Task prompt: Return an exact copy of the data, starting at its first line and ending at the line that contains "boat shoe <box>0,236,273,479</box>", minus any pictures.

Listed records:
********************
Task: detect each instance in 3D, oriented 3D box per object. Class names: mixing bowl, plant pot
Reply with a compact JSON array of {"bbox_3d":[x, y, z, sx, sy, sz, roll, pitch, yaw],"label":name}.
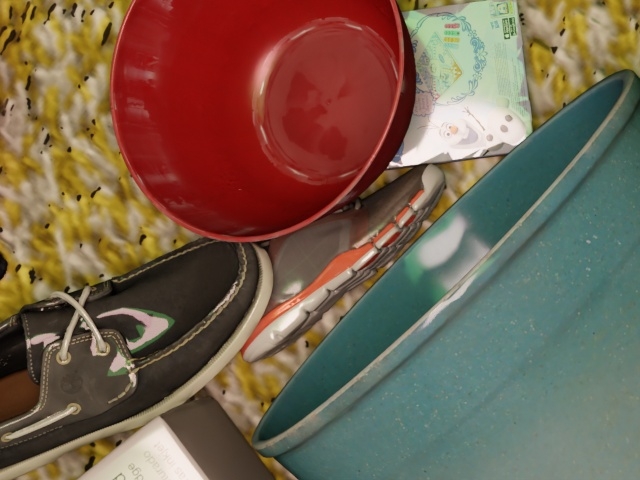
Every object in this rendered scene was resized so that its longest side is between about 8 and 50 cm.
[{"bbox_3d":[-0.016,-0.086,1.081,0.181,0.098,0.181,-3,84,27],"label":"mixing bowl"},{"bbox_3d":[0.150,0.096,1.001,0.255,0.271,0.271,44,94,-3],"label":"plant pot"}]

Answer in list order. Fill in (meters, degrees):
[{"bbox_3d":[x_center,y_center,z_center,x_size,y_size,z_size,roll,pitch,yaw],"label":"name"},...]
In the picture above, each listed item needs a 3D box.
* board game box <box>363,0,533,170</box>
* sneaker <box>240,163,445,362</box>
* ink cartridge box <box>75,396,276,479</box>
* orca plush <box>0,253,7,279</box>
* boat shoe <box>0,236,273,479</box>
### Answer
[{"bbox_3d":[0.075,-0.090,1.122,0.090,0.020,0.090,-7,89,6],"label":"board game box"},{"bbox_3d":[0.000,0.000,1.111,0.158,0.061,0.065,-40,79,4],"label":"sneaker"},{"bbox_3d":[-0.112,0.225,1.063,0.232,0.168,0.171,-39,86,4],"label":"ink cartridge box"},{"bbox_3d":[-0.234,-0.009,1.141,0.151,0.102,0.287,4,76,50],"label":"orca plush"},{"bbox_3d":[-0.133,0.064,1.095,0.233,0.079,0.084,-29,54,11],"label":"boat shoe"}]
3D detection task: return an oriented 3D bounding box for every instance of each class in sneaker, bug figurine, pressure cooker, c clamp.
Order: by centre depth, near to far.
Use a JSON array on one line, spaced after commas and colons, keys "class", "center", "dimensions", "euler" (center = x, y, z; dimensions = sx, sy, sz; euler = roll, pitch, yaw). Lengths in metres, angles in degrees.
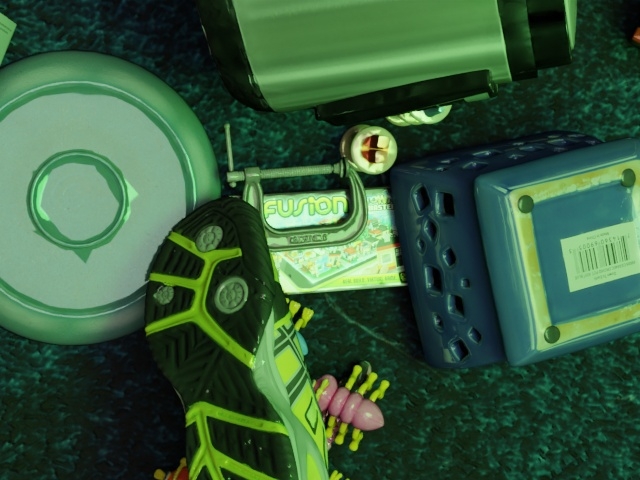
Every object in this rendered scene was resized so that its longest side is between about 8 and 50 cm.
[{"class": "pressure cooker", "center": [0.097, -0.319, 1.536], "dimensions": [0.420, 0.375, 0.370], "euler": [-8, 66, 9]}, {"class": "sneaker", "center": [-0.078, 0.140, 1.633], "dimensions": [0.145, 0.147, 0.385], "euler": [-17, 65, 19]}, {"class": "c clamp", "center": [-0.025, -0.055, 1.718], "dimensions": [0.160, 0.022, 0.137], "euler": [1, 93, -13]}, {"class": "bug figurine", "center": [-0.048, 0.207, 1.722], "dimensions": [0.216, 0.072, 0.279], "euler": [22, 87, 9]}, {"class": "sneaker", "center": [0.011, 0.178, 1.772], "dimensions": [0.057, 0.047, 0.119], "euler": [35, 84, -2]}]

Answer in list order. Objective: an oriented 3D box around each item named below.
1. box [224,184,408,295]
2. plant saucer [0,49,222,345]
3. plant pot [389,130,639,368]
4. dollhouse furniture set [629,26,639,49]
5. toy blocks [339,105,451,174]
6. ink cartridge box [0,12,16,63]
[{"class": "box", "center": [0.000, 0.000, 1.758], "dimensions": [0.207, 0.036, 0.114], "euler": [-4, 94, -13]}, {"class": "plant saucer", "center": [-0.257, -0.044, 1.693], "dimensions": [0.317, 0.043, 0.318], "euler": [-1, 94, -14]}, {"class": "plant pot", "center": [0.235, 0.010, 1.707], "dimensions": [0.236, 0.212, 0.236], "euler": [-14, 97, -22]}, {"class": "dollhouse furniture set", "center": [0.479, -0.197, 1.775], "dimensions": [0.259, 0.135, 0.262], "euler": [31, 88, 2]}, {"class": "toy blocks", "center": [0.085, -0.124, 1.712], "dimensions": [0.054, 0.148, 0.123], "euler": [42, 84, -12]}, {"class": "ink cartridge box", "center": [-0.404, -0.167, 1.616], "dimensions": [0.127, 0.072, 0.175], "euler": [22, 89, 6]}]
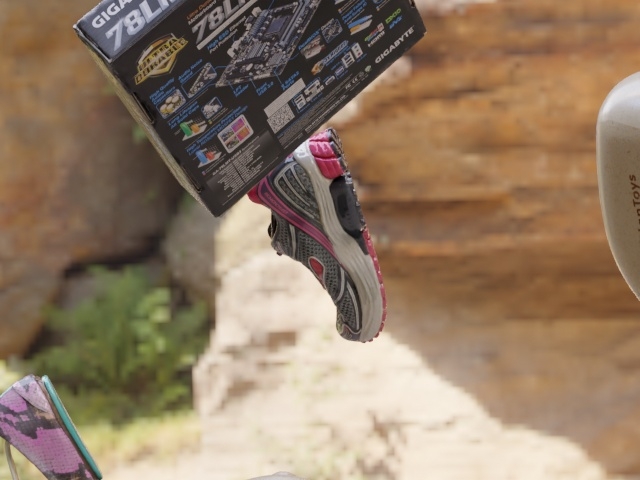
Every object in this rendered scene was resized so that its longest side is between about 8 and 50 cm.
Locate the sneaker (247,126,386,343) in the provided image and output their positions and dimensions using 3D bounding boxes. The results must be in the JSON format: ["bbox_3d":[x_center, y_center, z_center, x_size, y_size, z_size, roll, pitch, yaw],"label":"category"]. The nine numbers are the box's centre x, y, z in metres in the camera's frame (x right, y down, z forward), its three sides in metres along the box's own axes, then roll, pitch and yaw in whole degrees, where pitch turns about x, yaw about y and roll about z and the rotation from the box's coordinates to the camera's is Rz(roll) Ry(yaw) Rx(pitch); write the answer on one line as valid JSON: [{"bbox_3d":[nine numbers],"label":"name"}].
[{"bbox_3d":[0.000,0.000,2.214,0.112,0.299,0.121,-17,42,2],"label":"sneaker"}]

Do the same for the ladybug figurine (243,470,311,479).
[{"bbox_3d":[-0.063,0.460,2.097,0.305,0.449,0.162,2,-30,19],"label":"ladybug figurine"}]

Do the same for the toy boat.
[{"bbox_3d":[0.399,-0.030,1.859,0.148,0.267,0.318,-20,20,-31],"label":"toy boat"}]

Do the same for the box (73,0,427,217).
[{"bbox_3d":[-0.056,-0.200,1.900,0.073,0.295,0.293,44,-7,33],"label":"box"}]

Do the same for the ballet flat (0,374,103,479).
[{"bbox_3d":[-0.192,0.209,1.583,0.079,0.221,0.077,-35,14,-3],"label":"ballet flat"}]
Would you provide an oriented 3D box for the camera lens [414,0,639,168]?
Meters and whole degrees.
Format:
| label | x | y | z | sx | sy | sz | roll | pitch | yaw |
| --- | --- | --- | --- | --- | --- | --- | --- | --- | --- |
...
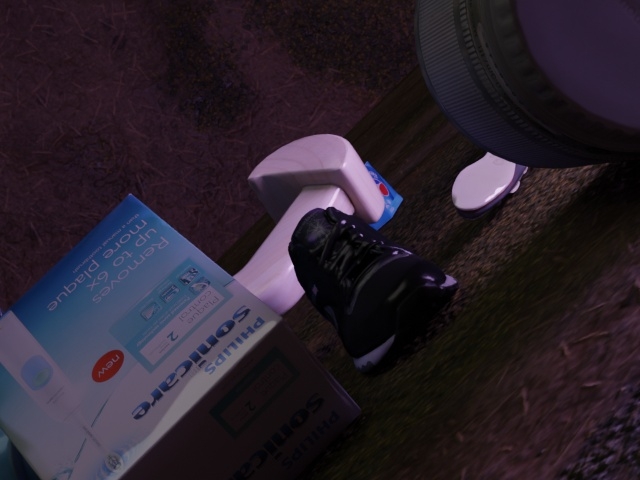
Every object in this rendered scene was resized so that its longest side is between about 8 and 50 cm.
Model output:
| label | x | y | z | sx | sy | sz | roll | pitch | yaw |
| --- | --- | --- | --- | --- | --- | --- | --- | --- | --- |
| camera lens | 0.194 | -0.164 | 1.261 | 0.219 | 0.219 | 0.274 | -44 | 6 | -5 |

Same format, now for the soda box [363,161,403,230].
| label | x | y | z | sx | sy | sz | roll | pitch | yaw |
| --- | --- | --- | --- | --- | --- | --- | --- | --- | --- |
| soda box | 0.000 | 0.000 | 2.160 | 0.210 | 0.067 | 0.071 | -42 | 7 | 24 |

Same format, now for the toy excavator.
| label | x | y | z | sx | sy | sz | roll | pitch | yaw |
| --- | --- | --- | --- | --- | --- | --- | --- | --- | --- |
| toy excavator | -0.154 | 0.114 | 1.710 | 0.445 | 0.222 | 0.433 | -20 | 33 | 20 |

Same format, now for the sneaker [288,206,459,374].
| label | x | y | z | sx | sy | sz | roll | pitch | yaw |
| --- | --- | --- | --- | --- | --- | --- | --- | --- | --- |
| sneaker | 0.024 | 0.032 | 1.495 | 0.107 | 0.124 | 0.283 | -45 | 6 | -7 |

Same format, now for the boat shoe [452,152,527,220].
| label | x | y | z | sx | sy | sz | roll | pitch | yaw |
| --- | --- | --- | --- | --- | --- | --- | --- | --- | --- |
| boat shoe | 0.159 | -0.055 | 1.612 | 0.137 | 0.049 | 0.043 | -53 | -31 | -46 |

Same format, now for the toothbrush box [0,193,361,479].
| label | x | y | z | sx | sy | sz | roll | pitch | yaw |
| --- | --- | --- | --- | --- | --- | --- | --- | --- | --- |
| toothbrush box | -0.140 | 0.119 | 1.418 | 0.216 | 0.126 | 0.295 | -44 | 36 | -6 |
********************
Written response:
Task: detect each instance in 3D, oriented 3D box per object. Class names: mixing bowl, plant pot
Reply with a compact JSON array of {"bbox_3d":[x, y, z, sx, sy, sz, roll, pitch, yaw],"label":name}.
Every object in this rendered scene was resized so that its longest side is between about 8 and 50 cm.
[{"bbox_3d":[-0.016,-0.086,1.081,0.181,0.098,0.181,-3,84,27],"label":"mixing bowl"},{"bbox_3d":[0.150,0.096,1.001,0.255,0.271,0.271,44,94,-3],"label":"plant pot"}]

Answer in list order. Fill in (meters, degrees):
[{"bbox_3d":[x_center,y_center,z_center,x_size,y_size,z_size,roll,pitch,yaw],"label":"name"},...]
In the picture above, each listed item needs a 3D box.
* board game box <box>363,0,533,170</box>
* sneaker <box>240,163,445,362</box>
* ink cartridge box <box>75,396,276,479</box>
* orca plush <box>0,253,7,279</box>
* boat shoe <box>0,236,273,479</box>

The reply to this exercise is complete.